Ben O'Neill writes: One of the core principles of good governance in society is the idea that the authority of law ought to prevail over the brute power of people — i.e., that society should operate under the rule of law, not the rule of men. Aristotle wrote that “[t]he law ought to be supreme over all ...” and argued that ... where the laws are not supreme, there demagogues spring up.” The principle has many important ramifications for society, but the most important is the view that government agents and agencies must be bound by the same law as their subjects.
This principle is of great relevance in the present NSA scandals, especially in light of recent NSA admissions of “compliance problems” with the legal constraints that are supposed to operate on the agency. For ordinary citizens, “compliance problems” with the law are better known as “crimes” (or possibly civil wrongs) and these lead to judgment debts, fines, and possibly even jail time, depending on the severity of the lack-of-compliance. But for government officials such notions are irrelevant — legal compliance problems are just something you file a report about, and send to another bureaucrat higher up in the government chain, so that he can bury it on his desk.

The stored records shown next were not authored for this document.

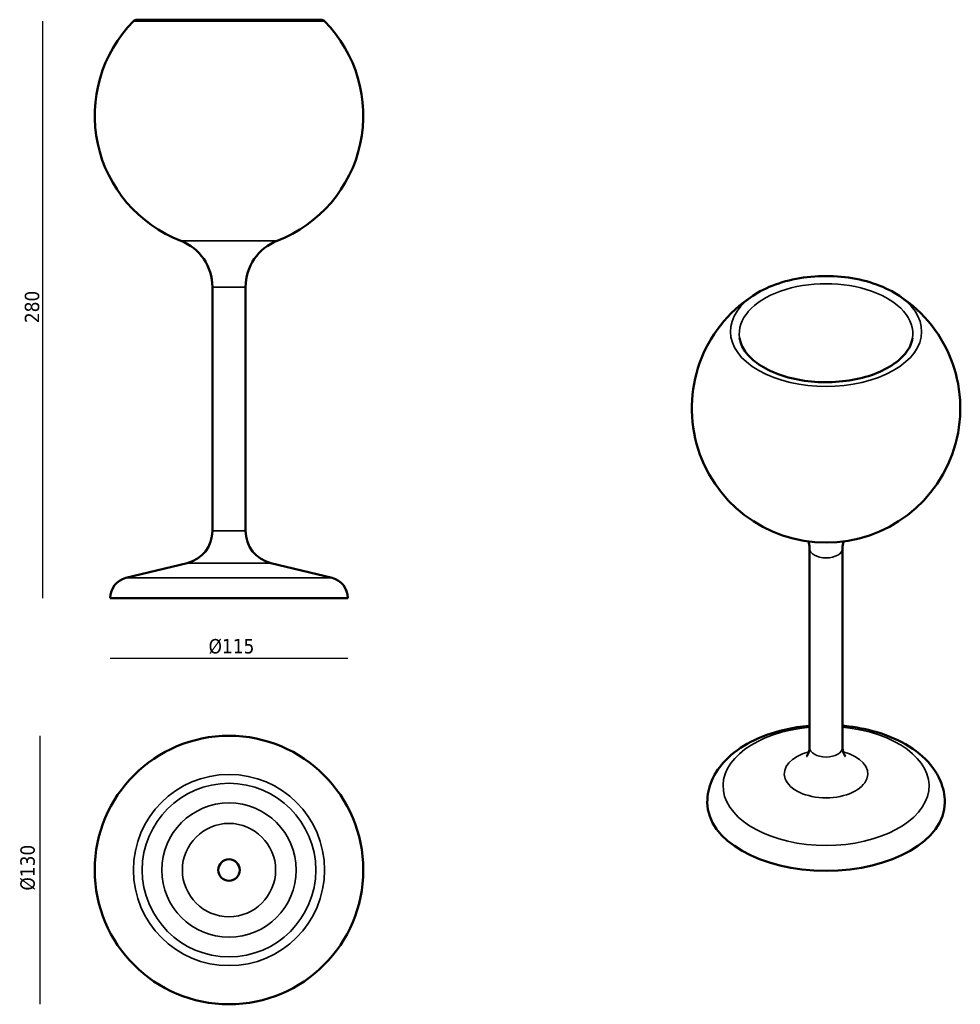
# Model space of a CAD drawing. Header units: millimetres. Extents: x 179 to 637, y 52 to 531.
import ezdxf

# ---------------------------------------------------------------- set-up
doc = ezdxf.new("R2010")
doc.units = ezdxf.units.MM
doc.header["$LTSCALE"] = 2
for name, color, linetype, lineweight in [('Quota (ISO)', 7, 'Continuous', 25), ('Visibile (ISO)', 7, 'Continuous', 50), ('Visibile sottile (ISO)', 7, 'Continuous', 35)]:
    doc.layers.add(name, color=color, linetype=linetype, lineweight=lineweight)
doc.styles.add('Testo nota (ISO)', font='tahoma.ttf')
doc.dimstyles.new('Default (ISO)', dxfattribs={"dimscale": 2, "dimtxt": 3.5, "dimasz": 2.5, "dimexe": 3.175, "dimexo": 0, "dimgap": 0.762, "dimtad": 1, "dimrnd": 1e-08, "dimzin": 0, "dimtxsty": 'Testo nota (ISO)', "dimcen": 0.09, "dimdle": 10, "dimclrd": 256, "dimclre": 256, "dimclrt": 256, "dimazin": 0, "dimtfac": 1.001486, "dimtmove": 0, "dimatfit": 3, "dimfxl": 1, "dimtolj": 1, "dimtzin": 0, "dimlwd": -1, "dimlwe": -1, "dimarcsym": 0})

# ---------------------------------------------------------------- blocks, each defined once
blk = doc.blocks.new('*D3')
at = {"layer": 'Defpoints', "color": 0, "transparency": 16777216}
for p in [(223.06, 249.96), (338.63, 249.96), (223.06, 220.53)]:
    blk.add_point(p, dxfattribs=at)
at = {"layer": 'Quota (ISO)', "transparency": 16777216}
blk.add_line((338.63, 220.53), (223.06, 220.53), dxfattribs=at)
at = {"layer": 'Quota (ISO)', "transparency": 16777216, "insert": (268.3, 230.03), "char_height": 7, "attachment_point": 1, "style": 'Testo nota (ISO)'}
blk.add_mtext('\\A1; \\fTahoma|b0|i0;\\H7.0000;Ø115', dxfattribs=at)
blk = doc.blocks.new('_None')
blk = doc.blocks.new('*D5')
at = {"layer": 'Defpoints', "color": 0, "transparency": 16777216}
for p in [(190.33, 530.6), (280.84, 530.6), (280.84, 249.96)]:
    blk.add_point(p, dxfattribs=at)
at = {"layer": 'Quota (ISO)', "transparency": 16777216}
blk.add_line((190.33, 249.96), (190.33, 530.6), dxfattribs=at)
at = {"layer": 'Quota (ISO)', "transparency": 16777216, "insert": (181.49, 381.08), "char_height": 7, "attachment_point": 1, "rotation": 90, "style": 'Testo nota (ISO)'}
blk.add_mtext('\\A1; \\fTahoma|b0|i0;\\H7.0000;280', dxfattribs=at)
blk = doc.blocks.new('*D6')
at = {"layer": 'Defpoints', "color": 0, "transparency": 16777216}
for p in [(280.84, 182.96), (188.84, 52.32), (280.84, 52.32)]:
    blk.add_point(p, dxfattribs=at)
at = {"layer": 'Quota (ISO)', "transparency": 16777216}
blk.add_line((188.84, 182.96), (188.84, 52.32), dxfattribs=at)
at = {"layer": 'Quota (ISO)', "transparency": 16777216, "insert": (179.34, 105.04), "char_height": 7, "attachment_point": 1, "rotation": 90, "style": 'Testo nota (ISO)'}
blk.add_mtext('\\A1; \\fTahoma|b0|i0;\\H7.0000;Ø130', dxfattribs=at)

msp = doc.modelspace()

# ---------------------------------------------------------------- linework, layer by layer
at = {"layer": 'Visibile (ISO)'}
for p, q in [((325.563, 531.343), (236.123, 531.343)), ((272.803, 401.27), (272.803, 282.621)), ((288.882, 401.27), (288.882, 282.621)), ((563.257, 274.122), (563.257, 177.245)), ((579.336, 274.122), (579.336, 177.245)), ((260.537, 267), (230.725, 259.723)), ((301.148, 267), (330.961, 259.723)), ((223.059, 249.96), (338.627, 249.96))]:
    msp.add_line(p, q, dxfattribs=at)
for radius in [65.321, 5.25]:
    msp.add_circle((280.843, 117.637), radius, dxfattribs=at)
for centre, radius, start, end in [((280.843, 484.728), 65.321, 135.39787, 248.9274), ((236.123, 528.831), 2.512, 90, 135.39787), ((280.843, 484.728), 65.321, 291.0726, 44.60213), ((325.563, 528.831), 2.512, 44.60213, 90), ((248.685, 401.27), 24.119, 0, 68.9274), ((313.001, 401.27), 24.119, 111.0726, 180), ((571.297, 342.265), 65.321, 120.68446, 59.31554), ((256.724, 282.621), 16.079, 283.71811, 0), ((304.961, 282.621), 16.079, 180, 256.28189), ((233.108, 249.96), 10.049, 103.71811, 180), ((328.578, 249.96), 10.049, 0, 76.28189)]:
    msp.add_arc(centre, radius, start, end, dxfattribs=at)
msp.add_ellipse((571.297, 150.578), major_axis=(57.784, 0), ratio=0.5773503, start_param=3.1415927, end_param=6.2831853, dxfattribs=at)
for points, knots in [([(537.963, 398.441), (541.488, 400.532), (545.545, 402.268), (554.345, 404.91), (559.087, 405.814), (568.808, 406.719), (573.786, 406.719), (583.507, 405.814), (588.248, 404.91), (597.048, 402.268), (601.106, 400.532), (604.631, 398.441)], [3.1278932, 3.1278932, 3.1278932, 3.1278932, 3.4475322, 3.4475322, 3.7671713, 3.7671713, 4.0868103, 4.0868103, 4.4064494, 4.4064494, 4.7260885, 4.7260885, 4.7260885, 4.7260885]), ([(613.369, 376.443), (612.987, 373.865), (611.787, 371.256), (607.892, 366.545), (605.39, 364.436), (599.323, 360.773), (595.79, 359.208), (587.992, 356.761), (583.725, 355.882), (574.892, 354.919), (570.325, 354.839), (561.379, 355.495), (557.001, 356.23), (548.906, 358.424), (545.189, 359.881), (538.796, 363.324), (536.12, 365.306), (532.003, 369.554), (530.583, 371.813), (529.536, 374.858), (529.342, 375.651), (529.225, 376.443)], [5.5830881, 5.5830881, 5.5830881, 5.5830881, 5.9431775, 5.9431775, 6.2608223, 6.2608223, 6.5707432, 6.5707432, 6.88203, 6.88203, 7.1947474, 7.1947474, 7.5076002, 7.5076002, 7.8192334, 7.8192334, 8.1292016, 8.1292016, 8.4434353, 8.4434353, 8.5540788, 8.5540788, 8.5540788, 8.5540788]), ([(562.821, 277.496), (563.068, 276.567), (563.226, 275.52), (563.256, 274.345), (563.257, 274.234), (563.257, 274.122)], [8.48734187, 8.48734187, 8.48734187, 8.48734187, 8.6249199, 8.6249199, 8.6393798, 8.6393798, 8.6393798, 8.6393798]), ([(513.513, 150.578), (513.513, 154.243), (514.311, 157.891), (517.348, 164.917), (519.693, 168.235), (525.936, 174.625), (530.054, 177.541), (539.633, 182.538), (545.19, 184.527), (555.017, 186.827), (559.108, 187.473), (563.257, 187.837)], [2.3561945, 2.3561945, 2.3561945, 2.3561945, 2.6006893, 2.6006893, 2.8697859, 2.8697859, 3.1923393, 3.1923393, 3.5417807, 3.5417807, 3.776377, 3.776377, 3.776377, 3.776377]), ([(579.336, 187.837), (582.094, 187.595), (584.827, 187.229), (593.464, 185.65), (599.164, 183.954), (609.6, 179.346), (614.334, 176.426), (622.016, 169.473), (625.064, 165.477), (628.331, 157.669), (629.081, 154.131), (629.081, 150.578)], [4.0776046, 4.0776046, 4.0776046, 4.0776046, 4.2335465, 4.2335465, 4.5798807, 4.5798807, 4.9299469, 4.9299469, 5.2607717, 5.2607717, 5.4977871, 5.4977871, 5.4977871, 5.4977871]), ([(563.257, 177.245), (563.257, 175.76), (562.773, 174.362), (562.042, 173.089), (561.797, 172.855), (561.754, 172.814), (561.752, 172.813), (561.752, 172.813)], [2.35619449, 2.35619449, 2.35619449, 2.35619449, 2.67619449, 2.67619449, 2.90592608, 2.90592608, 2.92893998, 2.92893998, 2.92893998, 2.92893998]), ([(580.841, 172.813), (580.841, 172.813), (580.798, 172.85), (580.584, 173.096), (580.331, 173.422), (579.736, 174.63), (579.411, 175.672), (579.34, 176.95), (579.336, 177.098), (579.336, 177.245)], [4.92504166, 4.92504166, 4.92504166, 4.92504166, 5.03095428, 5.03095428, 5.2205724, 5.2205724, 5.46601205, 5.46601205, 5.49778714, 5.49778714, 5.49778714, 5.49778714])]:
    msp.add_open_spline(points, degree=3, knots=knots, dxfattribs=at)
msp.add_open_spline([(579.336, 274.122), (579.336, 275.298), (579.5, 276.47), (579.772, 277.496)], degree=3, dxfattribs=at)
at = {"layer": 'Visibile sottile (ISO)'}
for p, q in [((234.334, 530.595), (327.351, 530.595)), ((257.357, 423.775), (304.329, 423.775)), ((272.803, 401.27), (288.882, 401.27)), ((272.803, 282.621), (288.882, 282.621)), ((260.537, 267), (301.148, 267)), ((230.725, 259.723), (330.961, 259.723))]:
    msp.add_line(p, q, dxfattribs=at)
for radius in [46.509, 42.226, 32.661, 22.683]:
    msp.add_circle((280.843, 117.637), radius, dxfattribs=at)
for centre, major_axis, start_param, end_param in [((571.297, 378.52), (-42.226, 0), 3.0562917, 6.3684863), ((571.297, 379.715), (46.509, 0), 2.369894, 7.054884), ((571.297, 274.122), (8.04, 0), 3.1415927, 6.2831853), ((571.297, 158.549), (50.118, 0), 1.7319048, 7.6928732), ((571.297, 177.245), (8.04, 0), 3.1415927, 6.2831853), ((571.297, 164.491), (20.305, 0), 1.9924566, 7.4323214)]:
    msp.add_ellipse(centre, major_axis=major_axis, ratio=0.5773503, start_param=start_param, end_param=end_param, dxfattribs=at)

# ---------------------------------------------------------------- dimensions: what is measured, and where the dimension line sits
at = {"layer": 'Quota (ISO)'}
for base, p1, p2, angle, text, picture, middle in [((190.334, 530.595), (280.843, 249.96), (280.843, 530.595), 90, ' \\fTahoma|b0|i0;\\H7.0000;280', '*D5', (190.334, 390.278)), ((223.059, 220.533), (338.627, 249.96), (223.059, 249.96), 180, ' \\fTahoma|b0|i0;\\H7.0000;Ø115', '*D3', (280.843, 220.533)), ((188.843, 52.316), (280.843, 182.958), (280.843, 52.316), 90, ' \\fTahoma|b0|i0;\\H7.0000;Ø130', '*D6', (188.843, 117.637))]:
    dim = msp.add_linear_dim(base=base, p1=p1, p2=p2, angle=angle, text=text, dimstyle='Default (ISO)', override={"dimgap": 0.762, "dimdec": 2, "dimblk1": 'None', "dimblk2": 'None', "dimsah": 1, "dimdle": 0, "dimse1": 1, "dimse2": 1, "dimtol": 0, "dimlim": 0, "dimtp": 0, "dimtm": 0, "dimtdec": 2, "dimtofl": 0, "dimatfit": 1}, dxfattribs=at)
    dim.commit()
    dim.dimension.update_dxf_attribs({"geometry": picture, "text_midpoint": middle, "dimtype": 160})

doc.saveas('drawing.dxf')

Unfortunately, this is not a new phenomenon. The notion of the rule of law is the wellspring of an endless stream of hypocrisy in the modern social-democratic welfare-warfare state. It is difficult to find anyone who does not speak highly of the principle when it is presented in abstract form, yet it is simultaneously rare to find people who really take the idea seriously when applied to concrete situations involving government wrongdoing. In the case of the NSA, the principle of rule of law has been jettisoned entirely, and the agency operates without any effective legal constraints.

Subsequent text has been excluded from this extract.